From the 1990s to the present there has been a move away from studying how marine animals swim in the laboratory to field work on free-ranging, wild animals. With the development and use of microprocessors imbedded in submersible dive recorders in the late 1980s, it has become possible to measure a host of variables similar to what Prange and Schmidt-Nielsen did with their ducks in the water flume or treadmill. Today, these instruments are attached to penguins, seals and even the largest of whales, ranging hundreds of miles out to sea and diving to depths of thousands of metres. Perhaps the capstone of this steady flow of papers is a recently published report that Schmidt-Nielsen would have dearly appreciated because of his own research on scaling. Based on numerous measurements from complex submersible recorders, called bio-loggers, that were attached to a variety of penguins, Katsufumi Sato has scaled swim variables to body mass and shown a relationship to minimum cost of transport (Sato et al., 2009).

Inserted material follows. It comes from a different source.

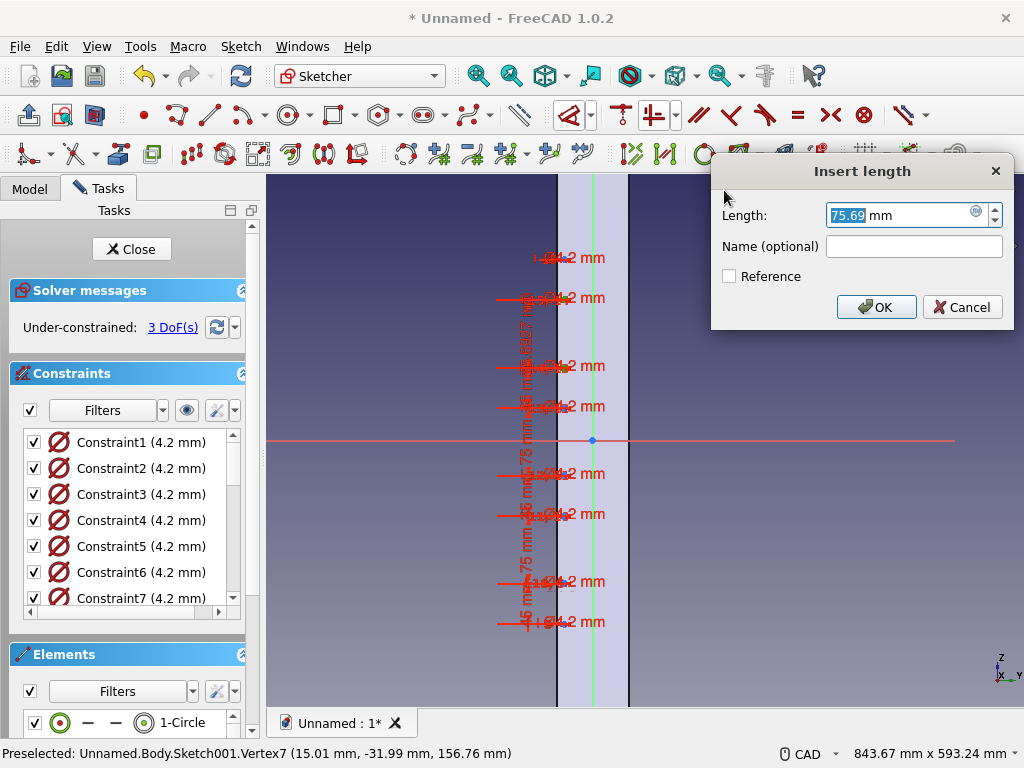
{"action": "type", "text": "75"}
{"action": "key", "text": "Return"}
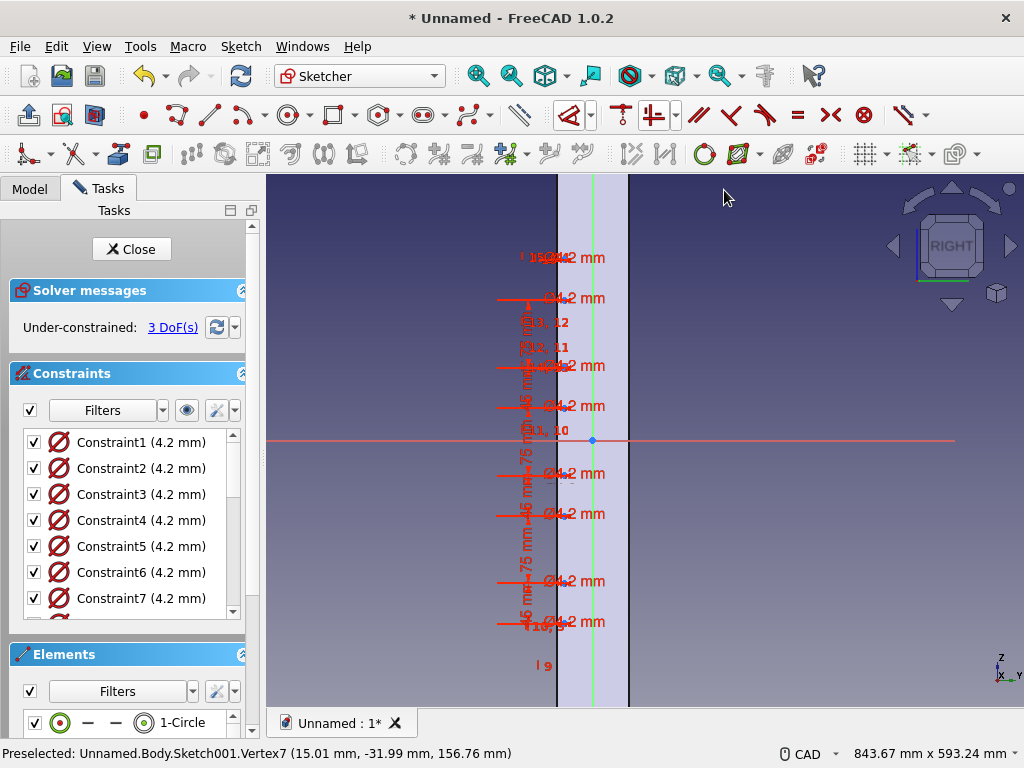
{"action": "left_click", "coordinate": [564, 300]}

In summary, the Prange/Schmidt-Nielsen paper was the first in an investigation of locomotion in aquatic tetrapods in what has become an important field of research in comparative physiology. They set a standard for thoroughness in their experiment that is a guide to all investigators conducting such projects. The discipline has evolved from work in the laboratory to the utilisation of bio-loggers for field work in which the variables measured range from time and depth to a Global Positioning System (GPS) for location of the animal on the planet. Furthermore, some investigators go along for the ride, so to speak, capturing a visualisation of what the animal is seeing including a forward-looking camera or ‘Crittercam’ within the device (Davis et al., 1999; Marshall et al., 2007).